Mariana Marins, irmã de Juliana, disse ao “Fantástico” que a brasileira teria sido abandonada pelo guia por mais de uma hora, entrou em desespero, tentou alcançar o grupo e caiu.
Em entrevista ao “O Globo”, o guia Ali Musthofa confirmou que tinha aconselhado a brasileira a descansar, mas afirmou que o combinado era apenas esperá-la um pouco mais à frente.
“Na verdade, eu não a deixei, mas esperei três minutos na frente dela. Depois de uns 15 ou 30 minutos, Juliana não apareceu. Procurei por ela no último local de descanso, mas não a encontrei. Eu disse que a esperaria à frente. Eu disse para ela descansar. Percebi [que ela havia caído] quando vi a luz de uma lanterna em um barranco a uns 150 metros de profundidade e ouvi a voz de Juliana pedindo socorro. Eu disse que iria ajudá-la”, disse. “Tentei desesperadamente dizer a Juliana para esperar por ajuda”, completou.
Apesar da queda, as autoridades locais afirmaram que Juliana ainda estava viva, no sábado. Isso está de acordo com imagens de drones feitas no dia que circulam nas redes sociais.
Três dias depois, na terça-feira, 24, equipes de resgate disseram que conseguiram se aproximar de Juliana, que estava a cerca de 600 metros abaixo da trilha, e a declararam morta.
A família de Juliana apontou lentidão das autoridades locais durante o processo de resgate da brasileira. O chefe do Parque Nacional do Monte Rinjani (TNGR), Yarman Wasur, disse que o processo de evacuação foi realizado de acordo com os procedimentos padrões e negou as críticas de que o processo tenha sido lento.
“Formamos uma equipe imediatamente. O processo de formar uma equipe, preparar equipamentos e outros itens leva tempo. Esta equipe precisa ser profissional, pois envolve a segurança também da equipe de evacuação”, explicou.
O chefe do parque ainda destacou que o monte Rinjani é um local extremo, que possui uma topografia difícil e o clima muda constantemente. Tudo isso implica no procedimento de resgate.
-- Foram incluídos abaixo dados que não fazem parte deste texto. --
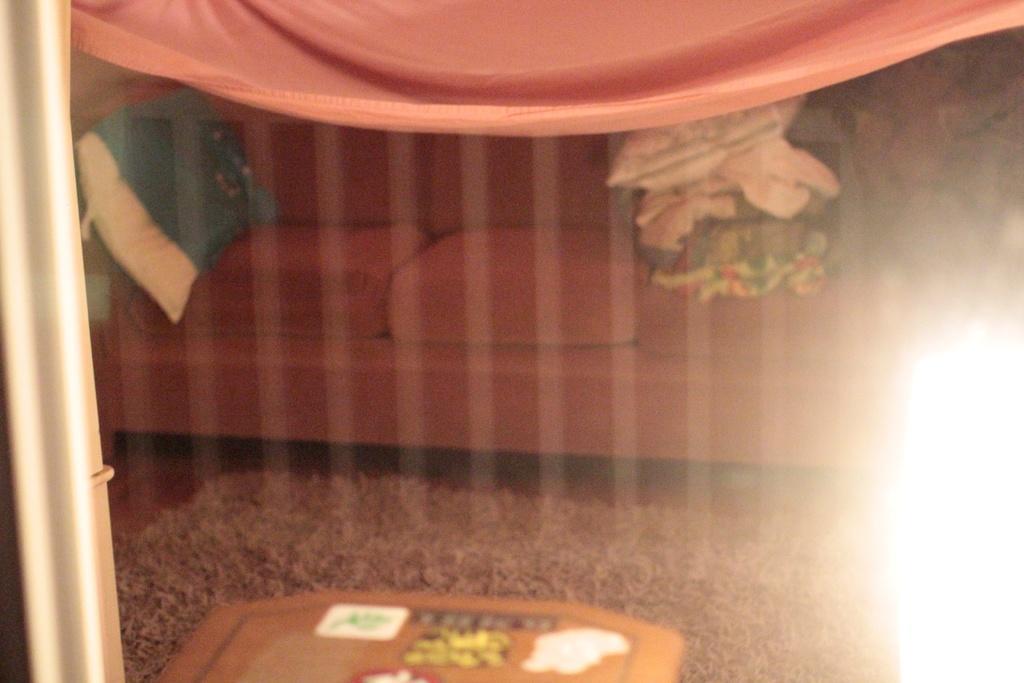How would you summarize this image in a sentence or two? In this image there is a sofa on a floor and there is a mat, at the top there are cloths. 
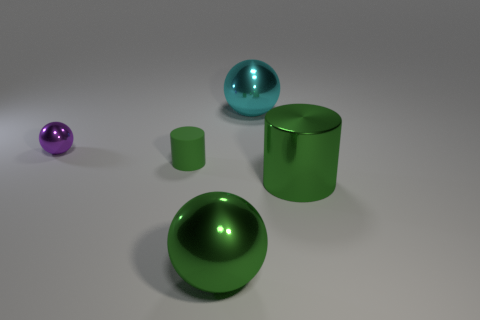What size is the metallic thing that is in front of the shiny thing to the right of the cyan sphere?
Keep it short and to the point. Large. Is the color of the metallic ball that is in front of the purple metallic object the same as the thing behind the tiny purple metallic thing?
Provide a succinct answer. No. There is a big green thing that is left of the big shiny ball that is behind the tiny cylinder; how many objects are on the left side of it?
Give a very brief answer. 2. What number of things are on the left side of the green metallic sphere and in front of the small shiny thing?
Make the answer very short. 1. Are there more small objects that are in front of the purple metallic sphere than large green metallic cylinders?
Provide a short and direct response. No. What number of other things are the same size as the cyan object?
Provide a short and direct response. 2. There is a metal ball that is the same color as the matte thing; what size is it?
Keep it short and to the point. Large. What number of tiny things are red metallic objects or shiny spheres?
Keep it short and to the point. 1. How many large cylinders are there?
Your answer should be compact. 1. Are there the same number of big green things behind the cyan metallic object and small green things that are on the left side of the purple thing?
Your answer should be compact. Yes.

Mesmo assim, a família de Juliana afirmou que ela sofreu uma “grande negligência” e pretende “lutar por justiça” pela jovem. Na quinta-feira, 26, o presidente Luiz Inácio Lula da Silva (PT) informou que conversou por telefone com o pai de Juliana, Manoel Marins, e garantiu o auxílio do Itamaraty, inclusive no translado do corpo.